The United Kingdom Clinical Pharmacy Association (UKCPA) is a non-profit organisation which actively develops clinical pharmacy practice in medicines management.

History 
The organisation was founded in Leicester in 1981 in response to a need to drive clinical pharmacy practice forward in the UK. The organisation is currently focused to support and encourage excellence, leadership and partnership within clinical pharmacy.

Functions 
The UKCPA supports pharmacy practitioners to develop and deliver clinical pharmacy.

The organisation provides the infrastructure to enable pharmacy practitioner peers to deliver professional education and training across a diverse range of practice interest areas (e.g. infection management, anticoagulation, diabetes/endocrinology, pain management, GP practice, critical care, etc).  The UKCPA is organised to build and support communities of practice around interest areas - practitioners can talk to each other on a daily basis in order to solve individual clinical problems or create systems, methods and guidelines to deal with clinical scenarios on a local, regional or even national basis.

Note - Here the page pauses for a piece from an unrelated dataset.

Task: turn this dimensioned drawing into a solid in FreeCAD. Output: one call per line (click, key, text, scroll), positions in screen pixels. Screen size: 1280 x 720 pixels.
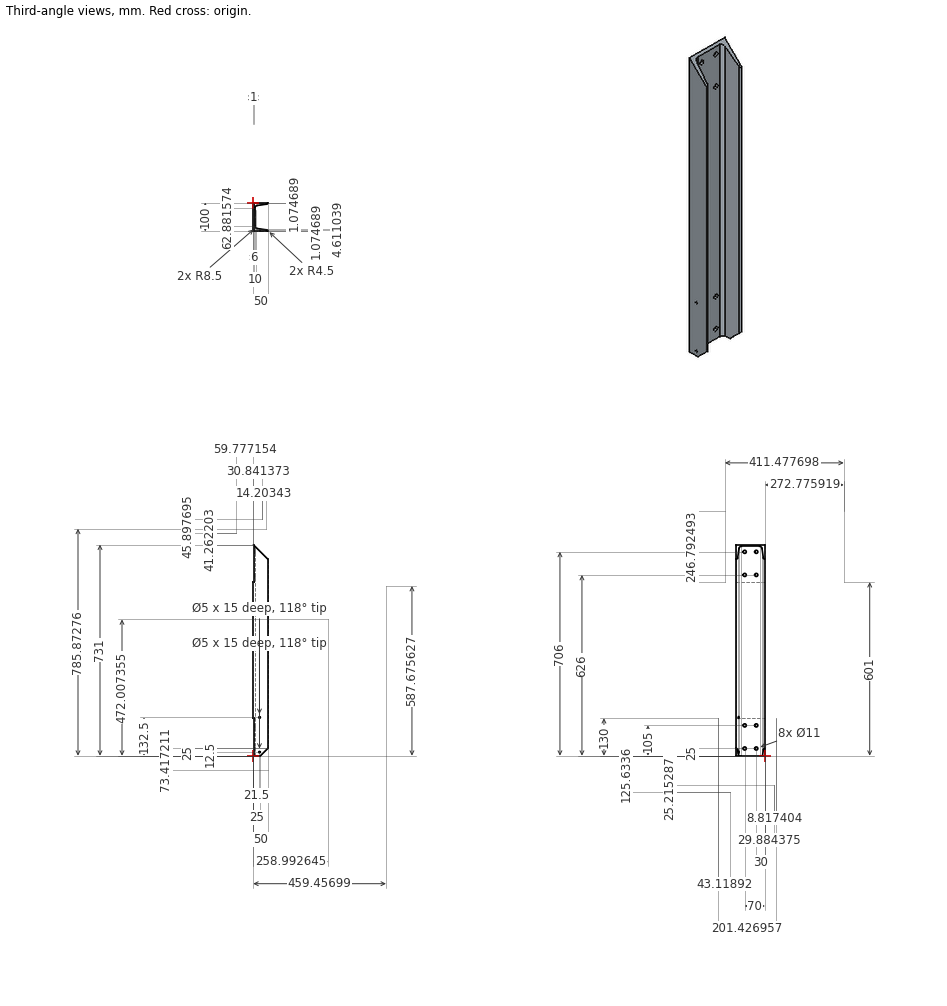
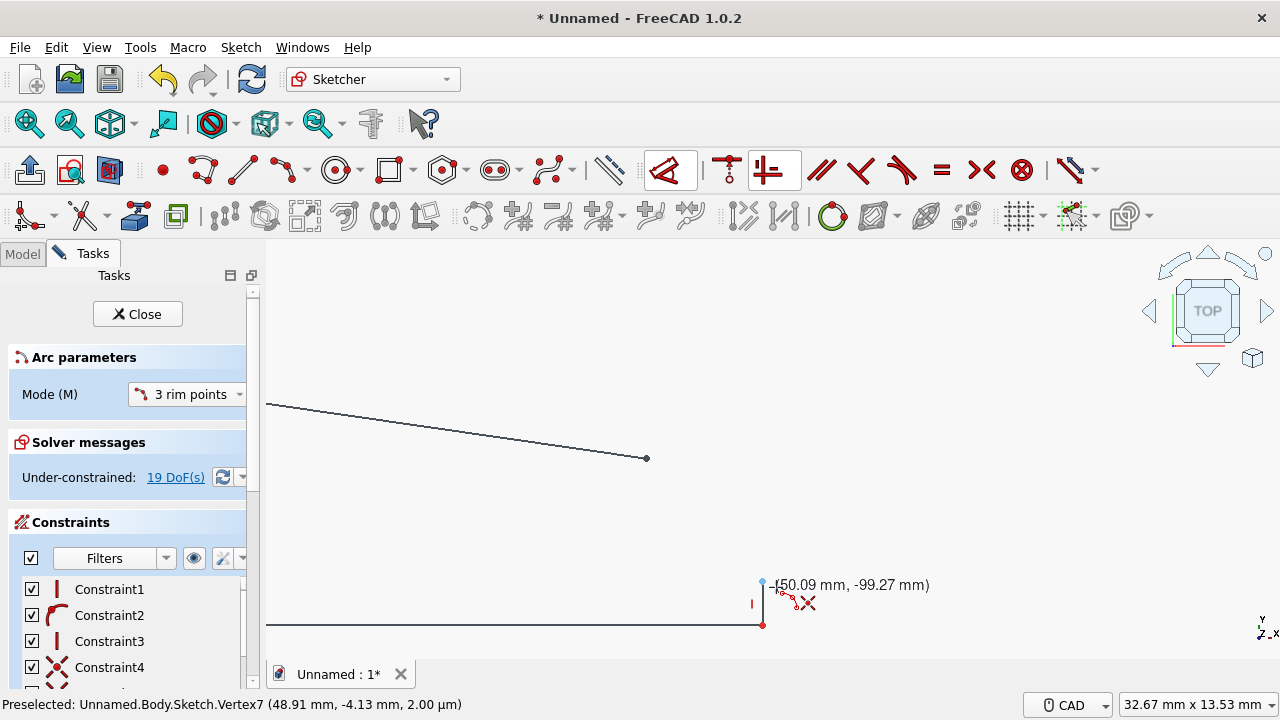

The UKCPA holds education and training events throughout the UK. The content is provided by coal face clinical practitioners and targeted at various levels of practice, from beginners to expert. The events are accredited by the Royal Pharmaceutical Society.  Peer-reviewed research posters are displayed at annual conference.

The UKCPA draws on its membership to provide expertise on the use of medicines to national organisations such as NICE, the Department of Health the MHRA, and other professional organisations. 

Expert members are involved in developing professional curricula for workforce development, developing assessment of advanced practice, and are assessors for the Royal Pharmaceutical Society Faculty. The UKCPA is a partner of the Royal Pharmaceutical Society, the professional body for the pharmacy profession in England, Wales and Scotland.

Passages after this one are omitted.